Despite the fact there is no lack of popular opinion on the subject, relatively few objective resources could help explain the phenomenon of drug pricing, much less how this system evolved. Worse still, the manifold enterprises, indeed entire industries, that are responsible for the discovery, development, distribution, and payment for drugs have remained frustratingly opaque. This lack of transparency was the indirect result of an evolution in how new medicines are discovered, developed, and distributed.

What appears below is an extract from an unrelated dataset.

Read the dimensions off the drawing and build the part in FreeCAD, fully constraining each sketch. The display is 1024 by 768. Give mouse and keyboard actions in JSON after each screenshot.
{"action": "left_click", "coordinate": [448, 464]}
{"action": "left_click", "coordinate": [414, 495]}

We were surprised to find that each step of the process, from early concepts through marketing and distribution, has fractured into a complexity of layered systems, many of which are comparatively new and all of which are designed to maximize profit margins. Moreover, we learned that most of these layers were originally created in an attempt to increase efficiency and restrain prices. Although the word is frequently misused, we can sincerely invoke the term “irony” to reflect the fact that our contemporary and highly troubled system for delivering medicines involves a complex series of private sector and governmental initiatives meant to increase the efficiencies of delivering safe and effective medicines to the American public.

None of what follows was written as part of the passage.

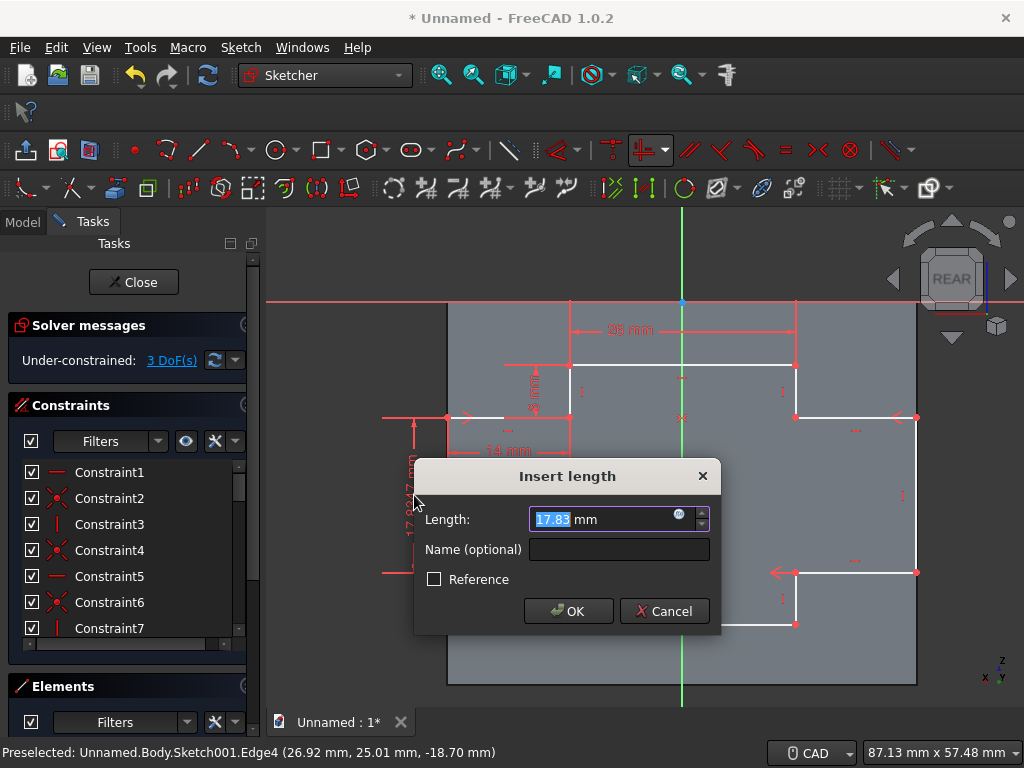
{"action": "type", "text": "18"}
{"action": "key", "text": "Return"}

Layer upon layer of new initiatives ultimately created a dense meshwork that has confounded reform and limited accountability. This complexity has rendered an outcome in which each element of a convoluted system (i.e., investors, regulators, biotechnology upstarts, established pharmaceutical companies, pharmacies, insurers) can individually and, with a straight face, profess their powerlessness in bringing down costs. The results of this complexity strangely facilitated an absence of accountability and, as we will see, has allowed many embattled corporate executives to point their fingers at others (with a presumed wink and a nod). Yet, each member of this circular firing squad is loaded with blanks (hence the winks) as they know that the complexity is so intense that it will confound even the largest investor, regulator, and consumer of medicines: the American government and by proxy, the American public writ large. We will see that the federal bureaucracy functions in many roles. It is the primary organization responsible for the discovery, regulation, and payment of medicines, and yet is mostly hamstrung by constraints of its own making.

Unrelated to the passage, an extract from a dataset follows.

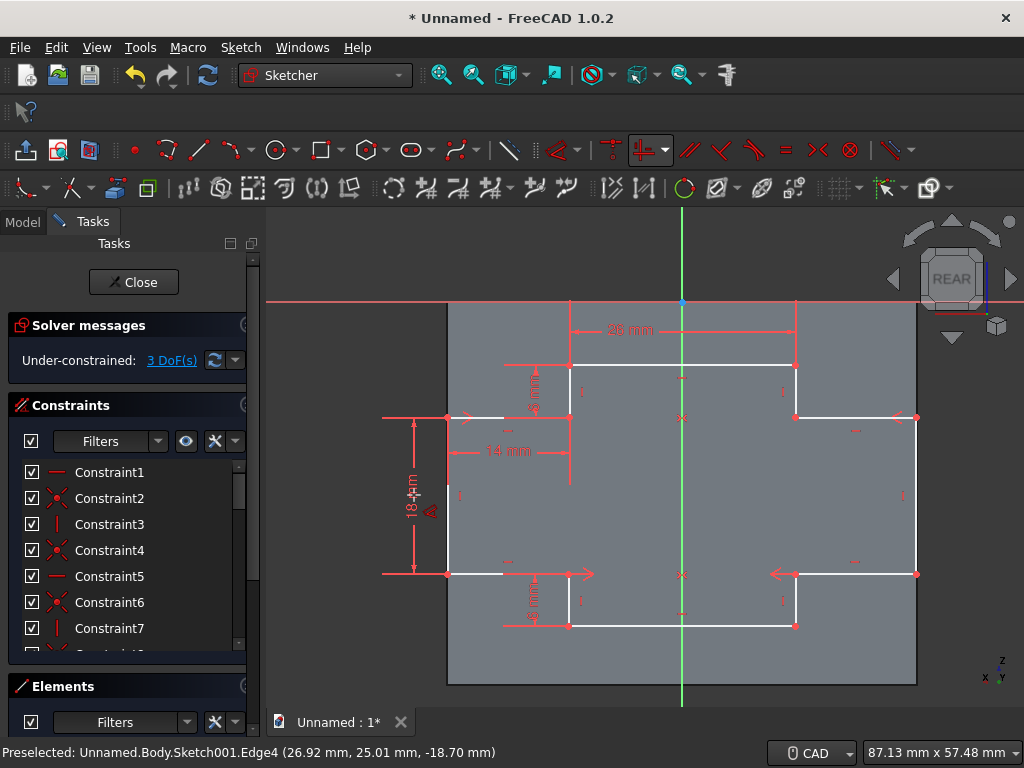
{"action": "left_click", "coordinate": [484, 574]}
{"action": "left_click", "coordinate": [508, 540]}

Modern-Day Simon Bar Sinisters?

As Americans and as humans, we naturally seek a simple answer to this crisis and to punish the evil-doers. Indeed, there has been no lack of suitable candidates. The headlines of the past few years have been filled with high-profile villains straight out of central casting. Malevolent actors abound, such as Martin Shkreli, the ever-smirking and self-ascribed “pharma bro” (who raised the price of one drug by fifty-six times), Elizabeth Holmes (the con-artist founder of Theranos, a smoke-and-mirrors medical diagnostics company that bilked its investors out of billions), and Heather Bresch (CEO of Mylan and daughter of a prominent senator, who used her connections to create the perception of an expanded market need for the EpiPen and then escalated the costs of a hundred-year-old drug to absurd levels). Although each of these characters is quite colorful, they have been thoroughly covered by investigative journalists and federal prosecutors. Although we might reflect at times upon exploits, it is not our purpose to retell these lurid tales or to overemphasize the behaviors, bad or good, of any particular individuals, organizations, or even industries.
Quite the opposite. In each case, actions taken to improve the efficiency were invariably despoiled. In particular, we will witness the steady accumulation of new industries, mouths that need to be fed and composed of companies seeking to maximize profits. The added complexity contributed to a consistent subterfuge enabled by the progressively increasing opacity. Indeed, the actions and transparency of the legal drug trade might easily be confused with its illicit counterparts.
To put this into perspective, it is useful to contrast two different types of medicines, a recurring theme throughout this book. When we purchase an over-the-counter drug at a neighborhood grocery store or pharmacy, there are usually three major organizations involved in the transaction: the consumer, the retailer (i.e., the store from which you buy the medicine), and the manufacturer (the pharmaceutical company that made and marketed the medicine).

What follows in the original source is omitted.